Exercise input
☆ ☆ ☆ ☆ ☆ ☆ ☆

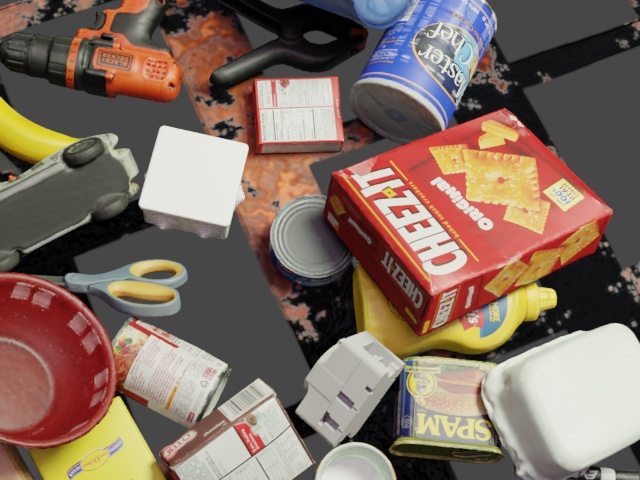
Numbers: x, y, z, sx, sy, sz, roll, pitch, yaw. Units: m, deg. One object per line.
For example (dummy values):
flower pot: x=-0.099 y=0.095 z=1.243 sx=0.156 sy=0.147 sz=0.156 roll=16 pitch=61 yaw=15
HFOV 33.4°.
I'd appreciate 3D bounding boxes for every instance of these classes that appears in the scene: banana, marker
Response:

☆ ☆ ☆ ☆ ☆ ☆ ☆

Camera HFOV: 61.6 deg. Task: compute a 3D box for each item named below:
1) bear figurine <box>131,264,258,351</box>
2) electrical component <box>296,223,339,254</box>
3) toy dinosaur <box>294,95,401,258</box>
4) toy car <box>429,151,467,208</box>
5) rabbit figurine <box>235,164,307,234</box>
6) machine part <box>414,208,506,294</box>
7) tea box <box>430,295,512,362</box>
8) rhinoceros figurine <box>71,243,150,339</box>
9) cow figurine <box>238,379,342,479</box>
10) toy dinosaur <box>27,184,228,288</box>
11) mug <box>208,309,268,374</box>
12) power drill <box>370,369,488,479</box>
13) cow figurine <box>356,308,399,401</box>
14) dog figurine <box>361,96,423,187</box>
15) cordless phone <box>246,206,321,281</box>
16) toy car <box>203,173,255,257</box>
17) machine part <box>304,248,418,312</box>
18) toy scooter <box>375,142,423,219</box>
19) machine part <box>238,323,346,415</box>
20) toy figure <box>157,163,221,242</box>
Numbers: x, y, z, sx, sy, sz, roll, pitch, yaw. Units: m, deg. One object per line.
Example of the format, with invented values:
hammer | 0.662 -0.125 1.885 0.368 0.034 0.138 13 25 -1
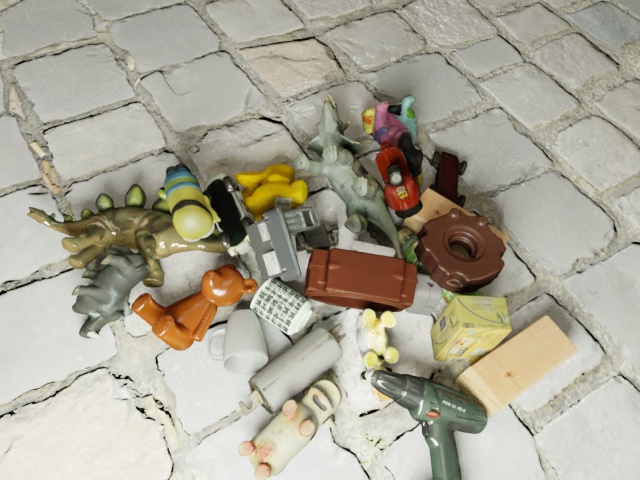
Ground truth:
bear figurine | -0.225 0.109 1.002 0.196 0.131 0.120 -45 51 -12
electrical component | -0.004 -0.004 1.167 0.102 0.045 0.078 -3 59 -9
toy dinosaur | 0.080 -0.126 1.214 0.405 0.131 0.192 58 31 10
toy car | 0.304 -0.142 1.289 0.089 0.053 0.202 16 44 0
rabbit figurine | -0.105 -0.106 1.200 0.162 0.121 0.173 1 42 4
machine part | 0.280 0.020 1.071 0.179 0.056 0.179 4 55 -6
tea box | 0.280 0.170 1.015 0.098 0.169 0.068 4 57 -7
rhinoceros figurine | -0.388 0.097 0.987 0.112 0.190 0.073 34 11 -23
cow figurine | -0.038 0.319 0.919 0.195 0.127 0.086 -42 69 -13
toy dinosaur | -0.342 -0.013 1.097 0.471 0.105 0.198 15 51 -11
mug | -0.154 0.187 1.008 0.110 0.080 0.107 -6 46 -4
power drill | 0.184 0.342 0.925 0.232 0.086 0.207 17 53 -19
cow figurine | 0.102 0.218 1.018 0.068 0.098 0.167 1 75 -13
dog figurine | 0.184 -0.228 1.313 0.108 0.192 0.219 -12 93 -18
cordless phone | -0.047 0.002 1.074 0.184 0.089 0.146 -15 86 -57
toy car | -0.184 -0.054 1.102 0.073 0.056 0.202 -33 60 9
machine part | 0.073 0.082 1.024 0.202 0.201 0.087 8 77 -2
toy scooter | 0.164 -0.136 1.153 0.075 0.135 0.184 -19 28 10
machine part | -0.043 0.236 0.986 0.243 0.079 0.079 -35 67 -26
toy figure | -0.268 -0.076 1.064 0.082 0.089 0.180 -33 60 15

☆ ☆ ☆ ☆ ☆ ☆ ☆

Task requirements
Take the entries above and return only the lines from the one with "1) bear figurine <box>131,264,258,351</box>" to the one with "5) rabbit figurine <box>235,164,307,234</box>", both included, unchanged.

Written answer
1) bear figurine <box>131,264,258,351</box>
2) electrical component <box>296,223,339,254</box>
3) toy dinosaur <box>294,95,401,258</box>
4) toy car <box>429,151,467,208</box>
5) rabbit figurine <box>235,164,307,234</box>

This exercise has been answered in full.